4 is our number, i'm not using k=1 due to overfitting issues.

In [None]:
k = 4
#Train Model and Predict  
neigh = KNeighborsClassifier(n_neighbors = k)
neigh.fit(X_train,y_train)

### Prediction

In [None]:
predKNN = neigh.predict(X_test)

### Evaluation

In [None]:
print("Accuracy score : ", metrics.accuracy_score(y_test, predKNN))

print("F1 score: ", metrics.f1_score(y_test, predKNN, average='weighted') )

print("Jaccard score: ", metrics.jaccard_score(y_test, predKNN, average='weighted'))

print("recall score: ", metrics.recall_score(y_test, predKNN, average='weighted'))
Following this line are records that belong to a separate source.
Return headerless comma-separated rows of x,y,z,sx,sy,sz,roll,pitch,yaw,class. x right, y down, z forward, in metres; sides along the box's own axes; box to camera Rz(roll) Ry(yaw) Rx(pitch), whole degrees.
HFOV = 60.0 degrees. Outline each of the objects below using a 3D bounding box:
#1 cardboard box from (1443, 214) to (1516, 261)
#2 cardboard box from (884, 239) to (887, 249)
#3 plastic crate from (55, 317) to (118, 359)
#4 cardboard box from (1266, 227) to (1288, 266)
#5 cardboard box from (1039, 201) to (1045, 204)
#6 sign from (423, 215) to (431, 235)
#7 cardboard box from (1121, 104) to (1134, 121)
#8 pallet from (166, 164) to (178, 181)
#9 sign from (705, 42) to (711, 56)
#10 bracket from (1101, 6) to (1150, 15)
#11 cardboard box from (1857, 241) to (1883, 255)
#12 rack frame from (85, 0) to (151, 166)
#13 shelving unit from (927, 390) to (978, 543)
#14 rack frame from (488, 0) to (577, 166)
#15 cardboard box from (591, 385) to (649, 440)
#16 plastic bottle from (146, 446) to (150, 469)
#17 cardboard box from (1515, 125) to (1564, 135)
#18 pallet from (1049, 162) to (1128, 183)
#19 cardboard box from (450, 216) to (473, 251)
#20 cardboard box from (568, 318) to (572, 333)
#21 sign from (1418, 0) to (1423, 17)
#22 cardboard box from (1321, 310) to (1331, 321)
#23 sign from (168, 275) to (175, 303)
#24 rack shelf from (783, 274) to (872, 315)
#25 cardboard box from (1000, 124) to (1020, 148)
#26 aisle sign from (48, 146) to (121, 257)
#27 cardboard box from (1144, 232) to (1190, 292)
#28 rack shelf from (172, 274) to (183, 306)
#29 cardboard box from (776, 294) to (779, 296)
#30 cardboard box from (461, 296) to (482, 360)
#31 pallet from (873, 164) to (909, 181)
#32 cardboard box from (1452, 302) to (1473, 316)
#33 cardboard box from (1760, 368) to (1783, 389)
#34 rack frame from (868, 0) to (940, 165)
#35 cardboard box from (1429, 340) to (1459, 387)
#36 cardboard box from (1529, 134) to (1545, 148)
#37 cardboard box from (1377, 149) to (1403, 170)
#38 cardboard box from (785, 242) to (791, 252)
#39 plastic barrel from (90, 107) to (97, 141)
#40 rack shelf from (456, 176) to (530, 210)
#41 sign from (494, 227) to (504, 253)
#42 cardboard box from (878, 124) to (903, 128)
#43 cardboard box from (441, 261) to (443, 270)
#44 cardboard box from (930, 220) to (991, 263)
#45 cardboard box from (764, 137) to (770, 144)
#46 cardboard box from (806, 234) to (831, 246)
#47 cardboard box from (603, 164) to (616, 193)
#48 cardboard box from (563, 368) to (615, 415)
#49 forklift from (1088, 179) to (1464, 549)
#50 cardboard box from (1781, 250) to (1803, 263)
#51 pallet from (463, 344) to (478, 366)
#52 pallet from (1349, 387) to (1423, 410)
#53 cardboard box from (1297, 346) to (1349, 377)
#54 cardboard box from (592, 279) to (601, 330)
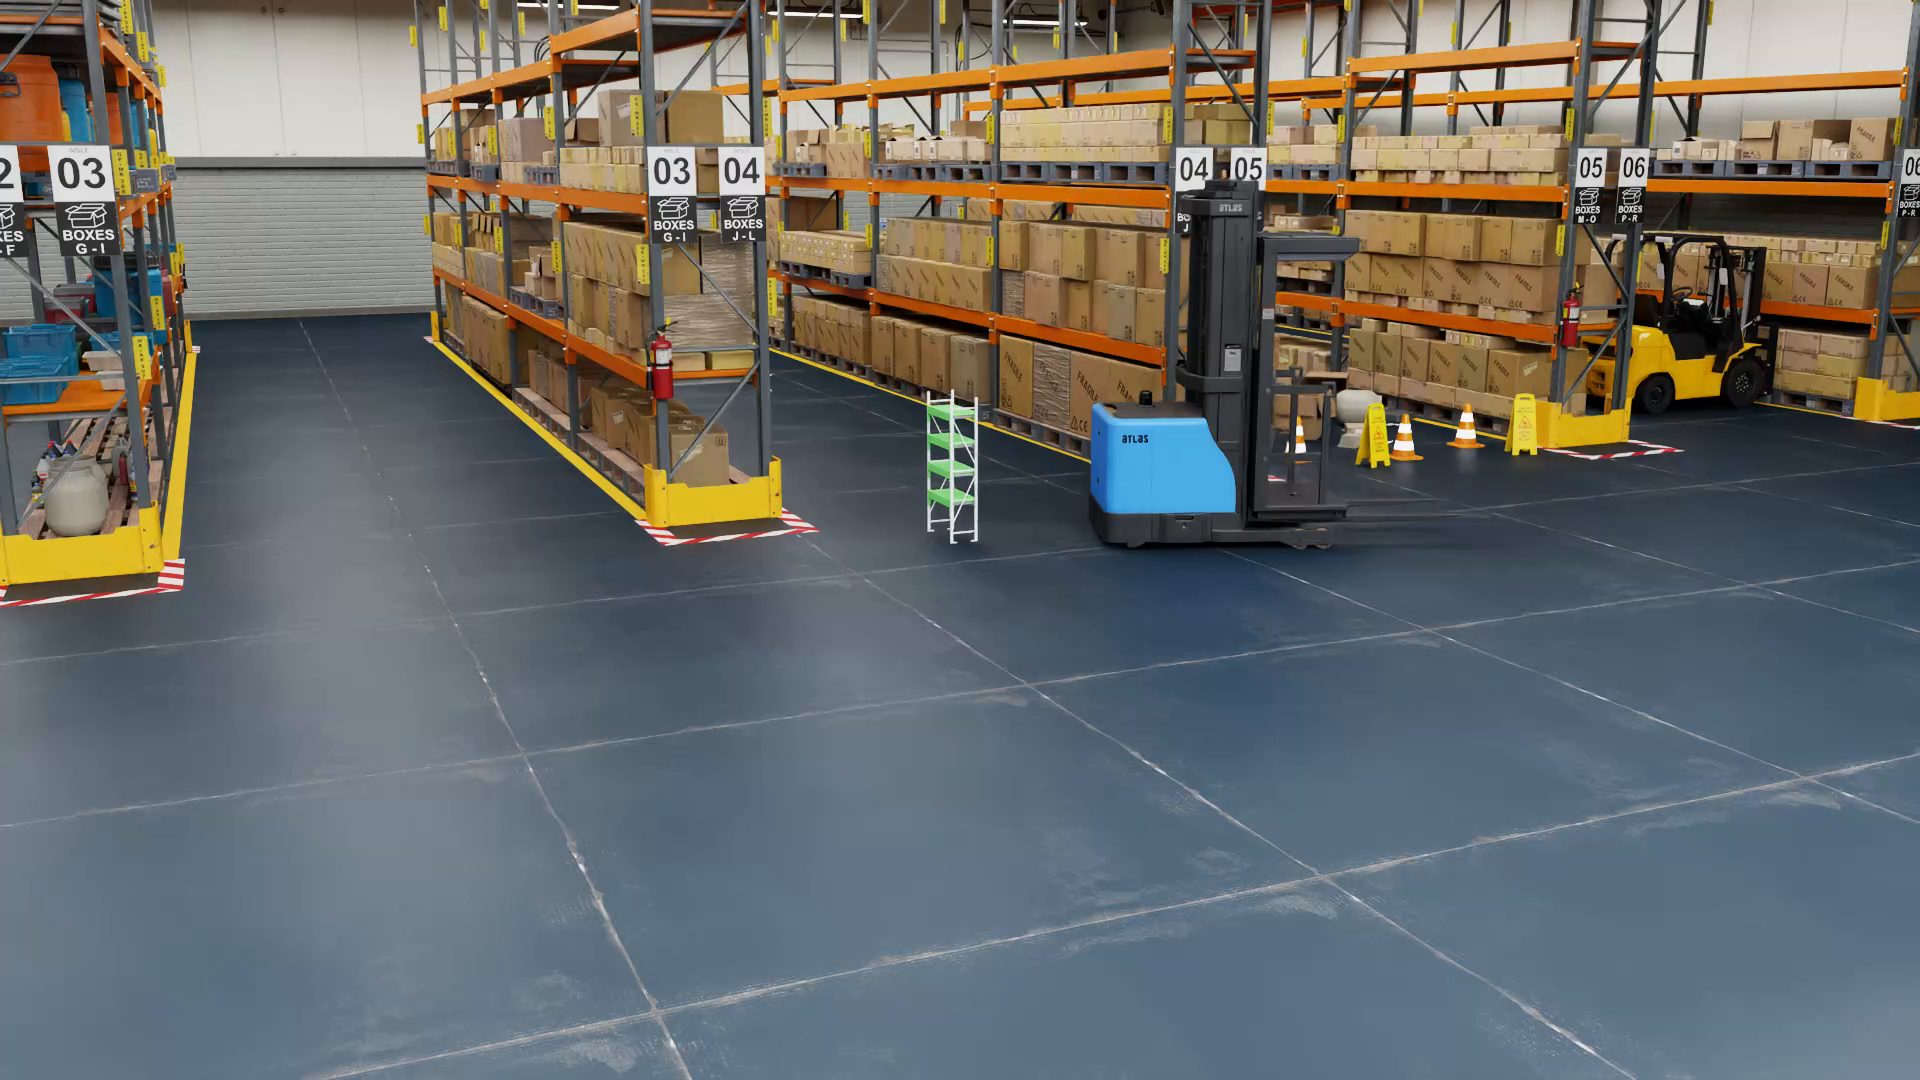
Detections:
6.043,-3.501,19.244,0.700,0.500,0.500,-6,14,-24,cardboard box
-0.875,-4.258,23.922,0.380,0.149,0.250,-6,14,-24,cardboard box
-8.185,-1.867,15.422,0.767,0.338,0.504,-6,14,-23,plastic crate
4.544,-4.042,22.868,0.500,0.500,0.500,-5,14,-21,cardboard box
1.624,-6.016,29.331,0.380,0.149,0.250,-6,14,-23,cardboard box
-9.058,-5.355,28.259,0.100,0.325,0.005,-6,14,-23,sign
1.800,-4.189,16.301,0.380,0.149,0.250,-5,14,-22,cardboard box
-11.079,-4.886,22.094,1.213,0.211,1.003,-6,14,-23,pallet
-4.459,-8.738,29.420,0.100,0.325,0.005,-6,14,-23,sign
3.215,-12.233,38.787,0.076,0.066,5.218,-6,14,-23,bracket
11.153,-3.547,20.221,0.380,0.149,0.250,-6,14,-23,cardboard box
-9.880,-5.766,18.826,1.000,3.000,0.127,-6,14,-23,rack frame
-0.066,-0.619,13.882,0.258,1.200,0.503,-6,14,-23,shelving unit
-5.342,-6.213,20.759,1.000,3.000,0.127,-6,14,-23,rack frame
-3.616,-1.365,17.726,0.500,0.500,0.500,-6,14,-25,cardboard box
-7.756,-0.834,15.718,0.144,0.351,0.185,-6,14,-24,plastic bottle
8.759,-6.016,25.185,0.500,0.500,0.500,-5,14,-22,cardboard box
1.648,-3.888,17.560,1.003,0.211,1.213,-6,14,-23,pallet
-7.571,-4.729,25.660,0.500,0.500,0.500,-5,14,-22,cardboard box
-3.929,-2.270,17.584,0.380,0.149,0.250,-6,14,-23,cardboard box
5.845,-6.821,21.137,0.100,0.325,0.005,-6,14,-23,sign
6.892,-4.219,30.057,0.500,0.500,0.500,-6,14,-24,cardboard box
-9.379,-2.974,19.705,0.100,0.325,0.005,-6,14,-23,sign
-1.558,-3.780,25.147,1.077,0.370,4.000,-6,14,-23,rack shelf
0.785,-4.552,18.751,0.500,0.250,0.500,-6,14,-23,cardboard box
-6.379,-2.469,12.118,0.394,0.787,0.004,-6,14,-23,aisle sign
2.334,-2.744,16.347,0.875,0.550,0.550,-6,14,-23,cardboard box
-12.284,-3.732,24.939,1.077,0.370,4.000,-6,14,-23,rack shelf
-3.517,-4.390,30.255,0.380,0.149,0.250,-5,14,-22,cardboard box
-6.670,-3.156,24.635,1.225,0.875,0.875,-6,14,-23,cardboard box
-0.451,-4.959,22.410,1.213,0.211,1.003,-5,14,-20,pallet
6.020,-2.726,19.554,0.380,0.149,0.250,-6,14,-24,cardboard box
10.629,-2.123,21.558,0.500,0.250,0.500,-5,14,-22,cardboard box
-0.757,-6.640,22.604,1.000,3.000,0.127,-6,14,-23,rack frame
5.975,-2.118,19.871,0.500,0.500,0.500,-6,14,-24,cardboard box
6.468,-4.360,18.193,0.380,0.149,0.250,-5,14,-22,cardboard box
5.481,-4.671,20.421,0.500,0.250,0.500,-6,14,-23,cardboard box
-2.517,-4.595,26.037,0.380,0.149,0.250,-6,14,-24,cardboard box
-9.488,-4.189,17.714,0.600,0.830,0.708,-6,14,-23,plastic barrel
-6.143,-4.815,22.963,1.077,0.370,4.000,-6,14,-23,rack shelf
-5.849,-3.804,21.085,0.100,0.325,0.005,-6,14,-23,sign
-1.011,-5.865,23.986,0.396,0.266,0.258,-6,14,-23,cardboard box
-8.294,-4.506,27.243,0.380,0.149,0.250,-6,14,-24,cardboard box
0.030,-3.844,21.388,0.700,0.500,0.500,-6,14,-24,cardboard box
-2.987,-6.511,27.035,0.380,0.149,0.250,-6,14,-23,cardboard box
-2.104,-4.526,25.080,0.380,0.149,0.250,-5,14,-21,cardboard box
-2.964,-3.312,15.209,0.500,0.250,0.500,-5,14,-22,cardboard box
-4.140,-1.690,19.086,0.700,0.500,0.500,-6,14,-23,cardboard box
2.648,-1.473,13.734,3.031,2.935,1.130,-1,13,-4,forklift
10.677,-3.605,21.135,0.380,0.149,0.250,-6,14,-25,cardboard box
-7.177,-2.923,26.030,1.003,0.211,1.213,-6,14,-23,pallet
5.642,-1.865,21.461,1.003,0.211,1.213,-6,14,-23,pallet
5.128,-2.392,22.448,0.950,0.372,0.625,-5,14,-22,cardboard box
-3.156,-2.359,16.527,0.875,0.500,0.500,-6,14,-23,cardboard box

print("precision score: ", metrics.precision_score(y_test, predKNN, average='weighted'))

In [None]:
knn_score = {
            'accuracy': metrics.accuracy_score(y_test, predKNN),
            'f1': metrics.f1_score(y_test, predKNN, average='weighted'),
            'jaccard': metrics.jaccard_score(y_test, predKNN, average='weighted'),
            'recall': metrics.recall_score(y_test, predKNN, average='weighted'),
            'precision': metrics.precision_score(y_test, predKNN, average='weighted')
        }

### <a id='94'> SVM </a>

### Modeling

In [None]:
svc = svm.SVC(kernel='rbf', random_state = 22)
svc.fit(X_train, y_train)

### Prediction

In [None]:
predSVC = svc.predict(X_test)

### Evaluation

In [None]:
print("Accuracy score : ", metrics.accuracy_score(y_test, predSVC))

print("F1 score: ", metrics.f1_score(y_test, predSVC, average='weighted') )

print("Jaccard score: ", metrics.jaccard_score(y_test, predSVC, average='weighted'))

print("recall score: ", metrics.recall_score(y_test, predSVC, average='weighted'))

print("precision score: ", metrics.precision_score(y_test, predSVC, average='weighted', zero_division=1))

In [None]:
svm_score = {
            'accuracy': metrics.accuracy_score(y_test, predSVC),
            'f1': metrics.f1_score(y_test, predSVC, average='weighted'),
            'jaccard': metrics.jaccard_score(y_test, predSVC, average='weighted'),
            'recall': metrics.recall_score(y_test, predSVC, average='weighted'),
            'precision': metrics.precision_score(y_test, predSVC, average='weighted', zero_division=1)
        }

# <a id='10'> Conclusion </a>

### Random forest score

In [None]:
print(pd.DataFrame.from_dict(rfc_score, orient = "index",columns=["Score"]))

### Decision tree score

In [None]:
print(pd.DataFrame.from_dict(dt_score, orient = "index",columns=["Score"]))

### KNN score

In [None]:
print(pd.DataFrame.from_dict(knn_score, orient = "index",columns=["Score"]))

### SVM score

In [None]:
print(pd.DataFrame.from_dict(svm_score, orient = "index",columns=["Score"]))

## Summary

KNN and SVM algorithms appears to be much worse compared to the rest. Random forest and decision tree scores are the same and since random forest complexity time is higher than decision tree that would be my choice for this data.